Bienvenidos al club de los que no tienen salvación. Ni propósito de vida, ni paz interior, ni una playlist motivacional que funcione. En El despertar de los infelices, Gonzalo Montes Amayo nos sirve una cucharada generosa de realismo crudo, sin azúcar, sin edulcorantes y con un chorrito de sarcasmo que, francamente, se agradece.
Aquí no hay héroes, hay gente. Gente de esa que se levanta tarde, que carga con culpas ajenas y propias, que toma malas decisiones (a veces por costumbre, a veces por necesidad) y que, aun así, sigue funcionando más o menos. La trama —si es que se le puede llamar así a este despliegue de desgracias encadenadas— se mueve entre varios personajes que no están buscando la felicidad, sino que simplemente intentan no derrumbarse del todo. Y oye, bastante mérito tiene.

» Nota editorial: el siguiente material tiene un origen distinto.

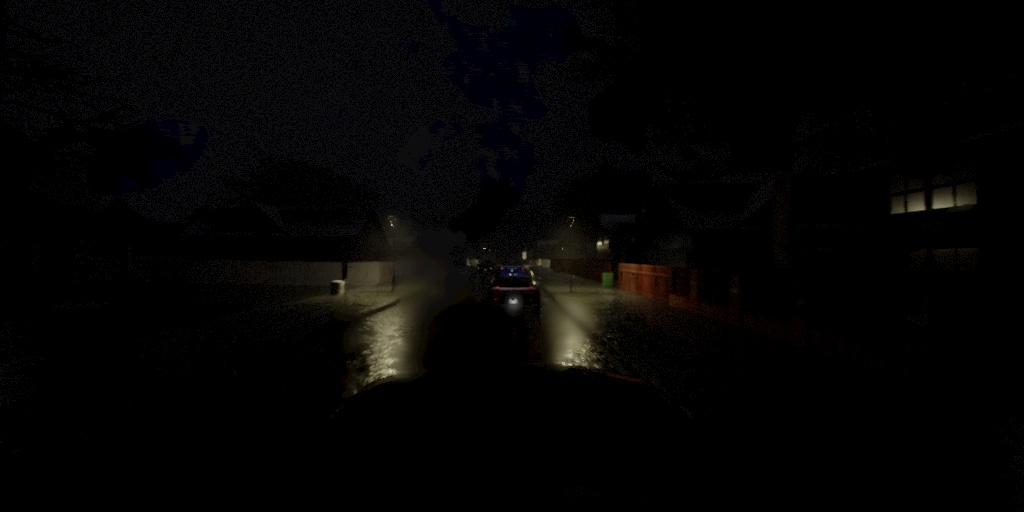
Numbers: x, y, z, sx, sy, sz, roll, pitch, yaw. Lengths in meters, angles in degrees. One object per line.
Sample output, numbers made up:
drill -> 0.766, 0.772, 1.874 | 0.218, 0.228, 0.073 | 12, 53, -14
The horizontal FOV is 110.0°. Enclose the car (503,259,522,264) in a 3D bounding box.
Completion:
car -> 0.066, 1.054, 28.800 | 2.097, 1.767, 4.553 | 0, 0, 0

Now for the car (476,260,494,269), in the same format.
car -> -2.859, 1.224, 40.504 | 1.837, 1.490, 4.892 | 0, 0, 0

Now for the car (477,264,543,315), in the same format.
car -> 0.076, 1.209, 13.393 | 2.128, 1.511, 4.902 | 0, 0, 0
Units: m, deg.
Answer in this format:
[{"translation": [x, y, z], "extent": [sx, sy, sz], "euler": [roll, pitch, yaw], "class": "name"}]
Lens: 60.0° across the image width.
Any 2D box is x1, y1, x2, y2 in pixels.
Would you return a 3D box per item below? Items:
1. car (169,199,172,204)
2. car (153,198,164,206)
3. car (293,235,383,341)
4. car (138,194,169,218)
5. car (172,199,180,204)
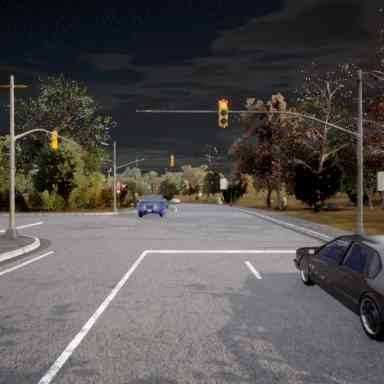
[{"translation": [-4.271, 1.623, 47.862], "extent": [2.128, 1.511, 4.902], "euler": [0, -1, -5], "class": "car"}, {"translation": [-6.776, 1.990, 66.791], "extent": [1.882, 1.535, 5.008], "euler": [0, -2, -12], "class": "car"}, {"translation": [3.610, 1.547, 6.425], "extent": [2.033, 1.411, 5.357], "euler": [0, 0, 0], "class": "car"}, {"translation": [-3.630, 1.218, 30.912], "extent": [2.150, 2.045, 5.566], "euler": [0, 1, -1], "class": "car"}, {"translation": [-4.416, 2.364, 83.277], "extent": [1.812, 1.442, 4.674], "euler": [0, -1, -22], "class": "car"}]
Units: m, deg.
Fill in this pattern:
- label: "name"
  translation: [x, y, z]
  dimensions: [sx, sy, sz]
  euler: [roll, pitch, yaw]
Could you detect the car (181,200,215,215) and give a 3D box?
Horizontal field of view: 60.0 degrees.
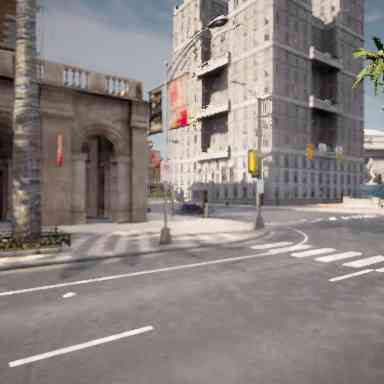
- label: "car"
  translation: [0.552, 1.623, 36.099]
  dimensions: [1.812, 1.442, 4.674]
  euler: [0, 0, -36]

Montes Amayo construye un universo donde la miseria cotidiana no solo es visible: es casi confortable, como ese sofá viejo que se cae a pedazos pero del que no te levantas. Su prosa tiene esa puntería cruel que, en lugar de consolarte, te sacude. Pero lo hace con estilo, con frases que duelen y brillan al mismo tiempo. Y por si fuera poco, consigue que te rías. No a carcajadas, claro. Más bien esa risa torcida, amarga, que se te escapa cuando te das cuenta de que, en el fondo, podrías ser cualquiera de ellos.
El despertar de los infelices no es una novela para sentirte mejor contigo mismo. Es una novela para asumir que, a veces, estar mal también es una forma de estar despierto. Y qué quieres que te diga… al menos no estás solo en el caos.